Oh, hon. It's really hard -- really, really, go get yourself a stiff fucking drink hard. And then when that wears off, remember that you were just as frustrated when you were under contract and unable to sell things you wanted to work on until you'd finished your obligations to Dial.
(First, though? Stiff drink.)
(And no, I can't really quantify "just as frustrated" -- just that you've wanted out of it too. And no, it's not for the best in any Pollyanna way. It sucks a lot. But you're going to pick up and kick all their asses after this if anyone does.)
Oh, babe. I'm so sorry. It sounds a little like Baby Editor got told to run with something she wasn't entirely trusted to handle, in the end. You never know what kind of office politics are behind stuff like this, either.
::hugs Barb hard::
Nora, I forgot to mention how sorry I was to hear about Tom. Man, grownup life really sucks hard so much of the time. I hope he finds something quickly.

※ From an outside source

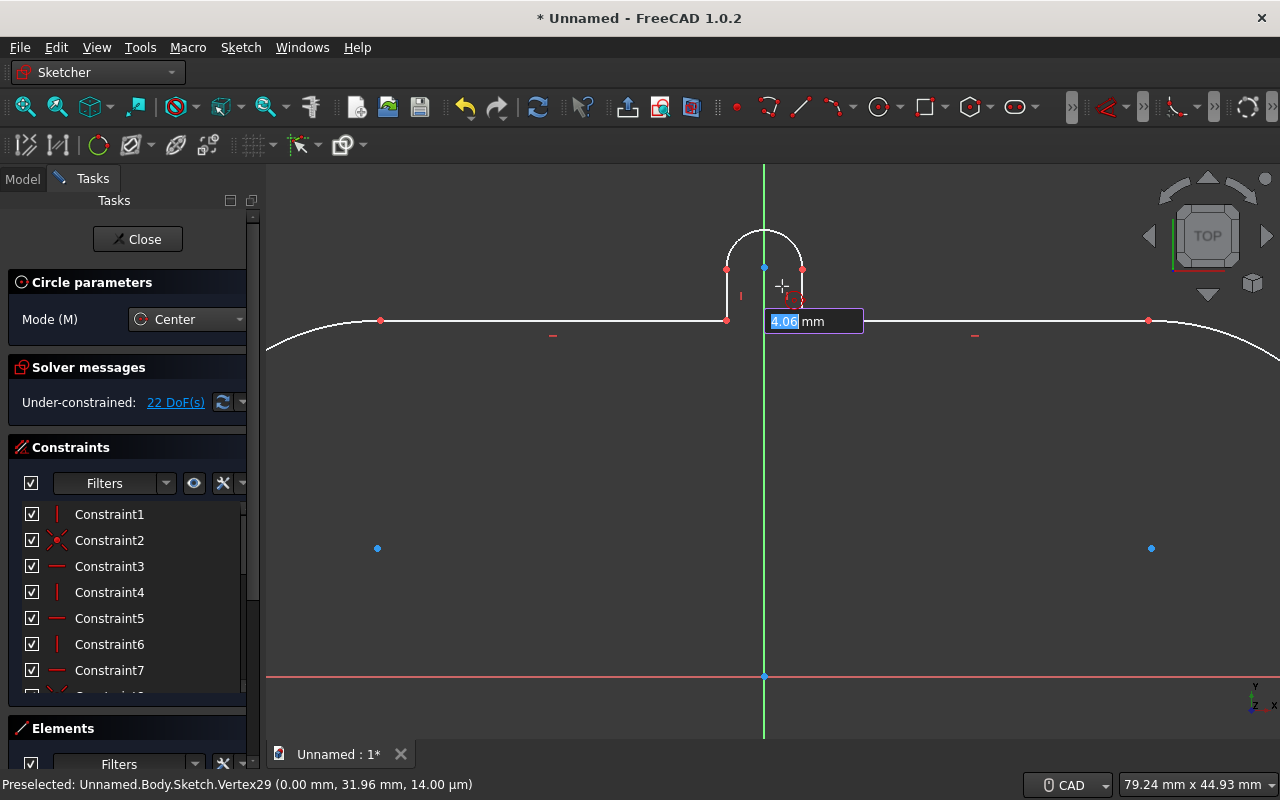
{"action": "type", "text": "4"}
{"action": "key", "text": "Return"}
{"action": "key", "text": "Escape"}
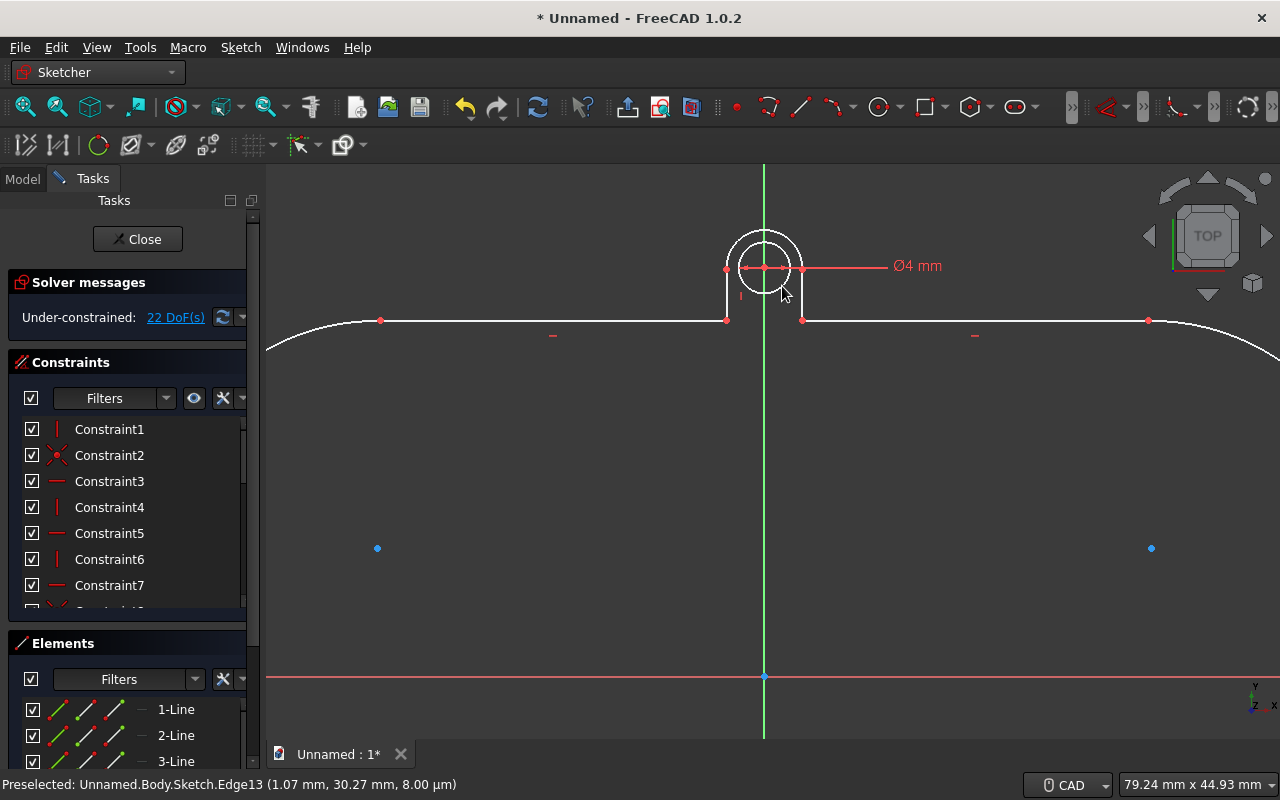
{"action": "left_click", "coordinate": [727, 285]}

{{{Barb}}} That just sucks. I'm outraged on your behalf, and a little bit on mine, because I want to read that book!
Seconding the recommendation of a stiff drink....
{{{{{Barb}}}}} I'm so sorry.
Thanks guys-- I just veer wildly between being relieved because yes, I was frustrated, mostly because more than anything, I hate limbo. Tell me you want it or don't, but tell me something, dammit.
But at the same time, I feel like such a fucking failure.
NOT a failure. I would bet lots and lots of good money that this has nothing to do with the manuscript at all.
Probably not, Amy, but I'll never really know that for sure. And that insecurity will live with me for a while. I mean, empirically, I know it's a good manuscript-- it's a good story and I gave it everything I've got.
But right now, the manuscript is the fall guy for everything else and I just... right now, I'm tired of kicking at the football. (To keep going with the Charlie Brown references.)
Oh, Barb. What a kick to the stomach.
NOT a failure, or anywhere close.
Wish you were still here so we could drown your temporary (and yes, it's temporary because wild success WILL be yours, dammit) sorrow and frustration in mojitos at Annabel's.
Oh Barb. {{{Barb}}} I am so sorry. I am thirding and/or fourthing that call for a stiff, hard cabana boy drink.
And a new dress.
Oh, shit, Barb, I'm sorry. How disheartening, after all that work and all those damn revisions--and, like Susan, I wanted to read it, damnit!